Come off it, if they wanted to they could have convened an international forum with commercial and political stakeholders years ago. Less talk, more do.
Workingmen of all countries unite!
Translation: hahahahahahahahahhahahaha but in your defense, I would give anything to be wrong.
Without some kind of income redistribution we are sailing into dark waters.
This is contentious because I'm not exactly advocating for arbitrary gate-keepers. The nuance is that building usable stuff is hard. And not a matter of shipping more code. I take your point to mean well it depends on what that code is doing. If 20x more code is in a meta-harness of simulation and such to arrive at the leading candidate for what hits production, well then you've got my attention there.
damowangcy•2h ago
Month 1 - 6 months to AGI
Month 2 - We will Replace all jobs
Month 3 - Okay maybe only the SWEs, programming is solved
Month 4 - Announce model that is too dangerous to release
Month 5 - Releases dangerous model
Month 6 - This is it! We will replace AIs with more AIs (*secretly files for IPO)
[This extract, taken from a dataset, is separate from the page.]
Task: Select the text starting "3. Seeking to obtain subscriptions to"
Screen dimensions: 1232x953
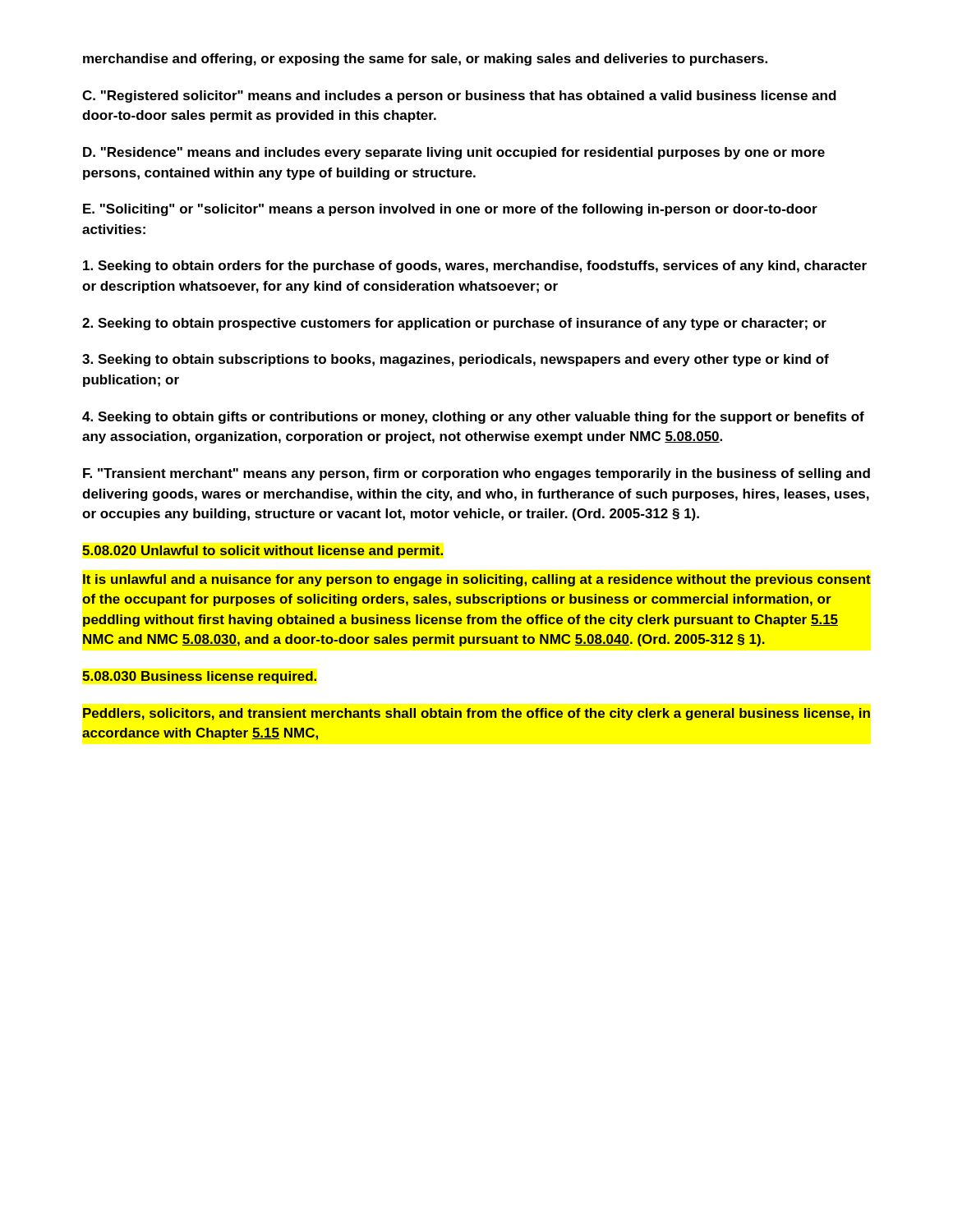Action: (455, 370)

AI is here to stay, like it or not but it is not the solution to everything. If it is, what is Anthropic's moat? A better model? I don't see any ecosystem being built by them, as MCP is almost obsolete except for some very niche use case. And they're doing stuff that a non-profit version of OpenAI would do. Can we trust a for-profit company to stand against their investors during a conflict of interest? Because running a company for maximum profit versus being ethical is two different end of the spectrum.
parpfish•52m ago
free chatgpt doesn't need to exist anymore. its job was to build hype/interest and it did.
but take it away and you solve many social problems and annoyances caused by AI with no loss to the upside of AI. no more cheating students in school. no more shitty linkedin posts. no more dangerous "therapy sessions" that give bad advice.
baq•45m ago
The problem is, if you’re any sort of knowledge worker, you’re essentially providing the same thing: you’re an intelligence with agency.
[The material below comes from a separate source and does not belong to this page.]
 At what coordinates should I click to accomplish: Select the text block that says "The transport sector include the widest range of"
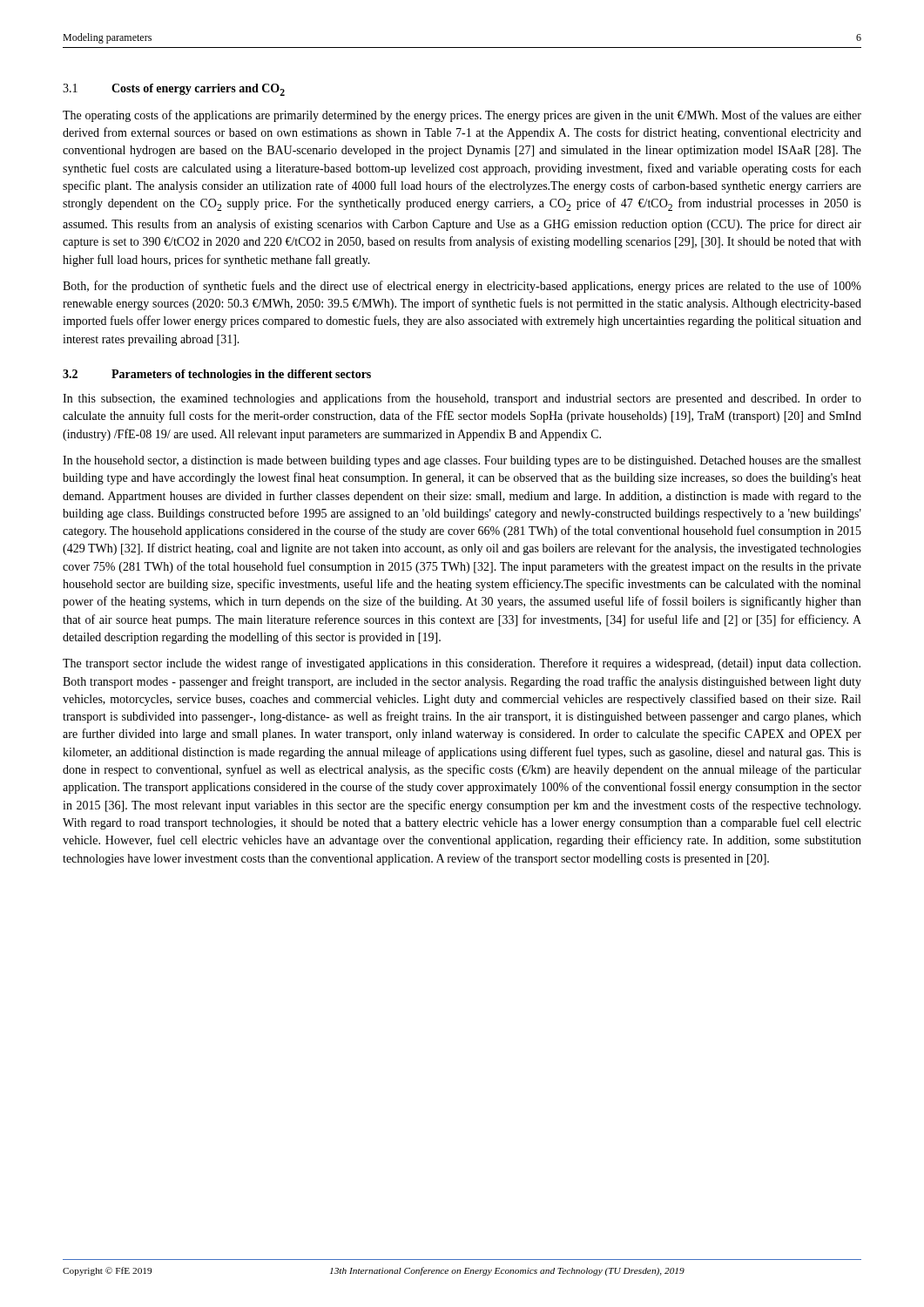tap(462, 761)

MCP is irrelevant. The moat is the quality of intelligence the service providers sell, including you. Tokens aren’t fungible between providers until you measure that they are for your use case, that’s kinda sorta the goal of job interviews.
Thus the moat will be that they’re providing the best models for the things people need other intelligent people for, but we should expect there will be limits on how much share they can economically take assuming competitors are optimizing for slightly different targets (but there’s still significant overlap in capability). This will disappear, but it’s always a question of when. The path matters as much as the destination.
Note that implications for you and me are exactly what the article says they are: nobody knows, but it’ll be a dramatic shift.